Multiple Versions of the World

3. The Case of Planet Pluto


Human sense organs can receive only news of difference, and the differences must be coded into events in time (i.e., into changes) in order to be perceptible. Ordinary static differences that remain constant for more than a few seconds become perceptible only by scanning. similarly, very slow changes become perceptible only by a combination of scanning and bringing together observations from separated moments in the continuum of time.

An elegant (i.e., an economical) example of these principles is provided by the device used by Clyde William Tombaugh, who in 1930, while still a graduate student, discovered the planet Pluto.

From calculation based on disturbances in the orbit of Neptune it seemed that these irregularities could be explained by gravitational pull from some planet in an orbit outside the orbit of Neptune. The calculations indicated in what region of the sky the new planet could be expected at a given time.
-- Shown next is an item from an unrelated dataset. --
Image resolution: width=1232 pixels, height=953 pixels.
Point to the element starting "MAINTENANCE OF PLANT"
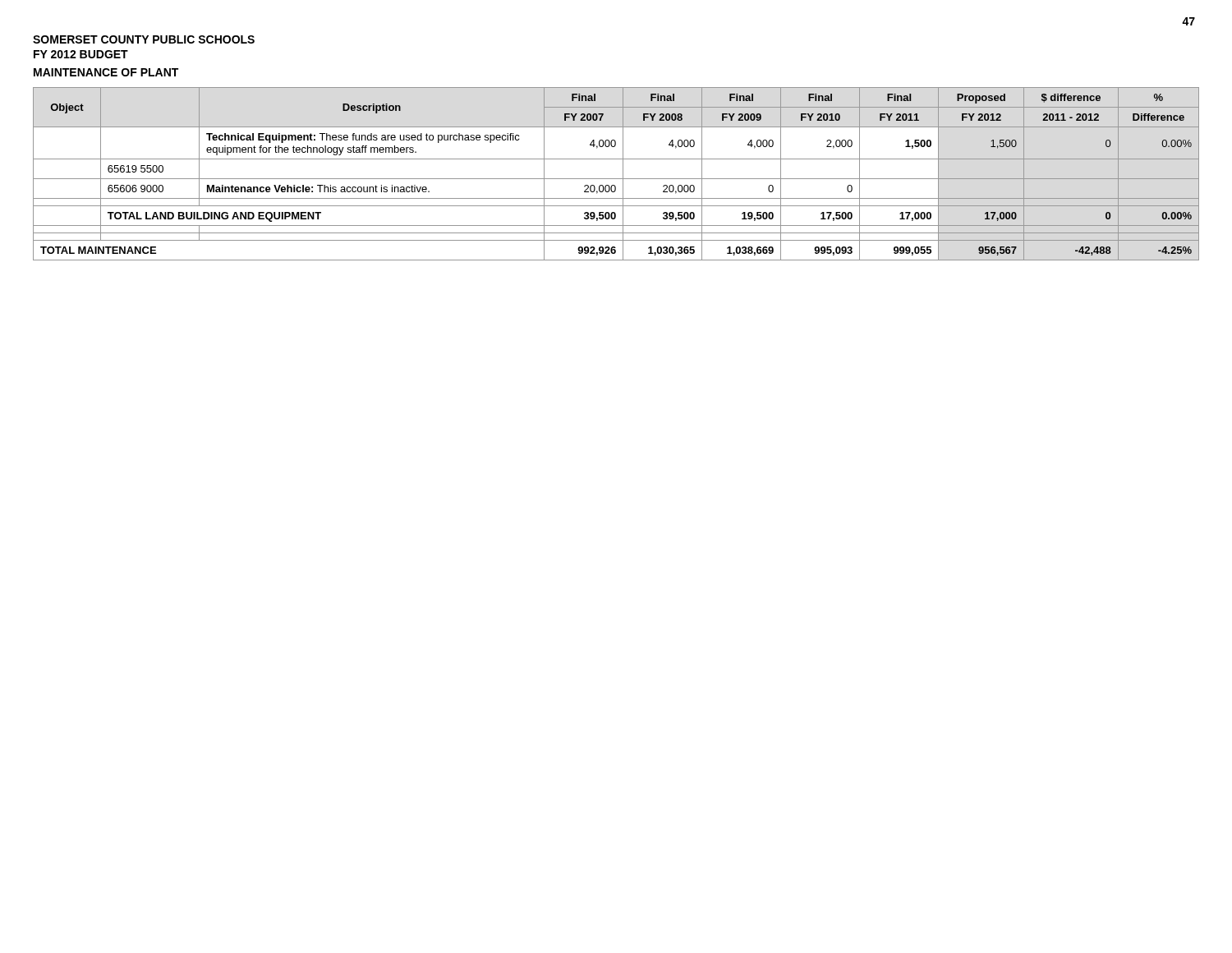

The object to be looked for would certainly be very small and dim (about 15th magnitude), and its appearance would differ from that of another objects in the sky only in the fact of very slow movement, so slow as to be quite imperceptible to the human eye.

This problems was solved by the use of an instrument which astronomers call a blinker. Photographs of the appropriate region of the sky were taken at longish intervals. These photographs were then studied in pairs in the blinker. This instrument is the converse of a binocular microscope; instead of two eyepieces and one stage, it has one eye piece and two stages and is so arranged that by the flick of a lever, what is seen at one moment on one stage can be replaced by a view of the other stage. Two photographs are placed in exact register on the two stages so that all the ordinary fixed stars precisely coincide. Then, when the lever is flicked over, the fixed stars will not appear to move, but a planet will appear to jump from one position to another. There were, however, many jumping objects (asteroids) in the field of the photographs, and Tombaugh had to find one that jumped less than the others.

After hundreds of such comparisons Tombaugh saw Pluto jump. (81a.82a)



Bateson, Gregory. Mind and Nature: A Necessary Unity. London: Wildwood House, 1979.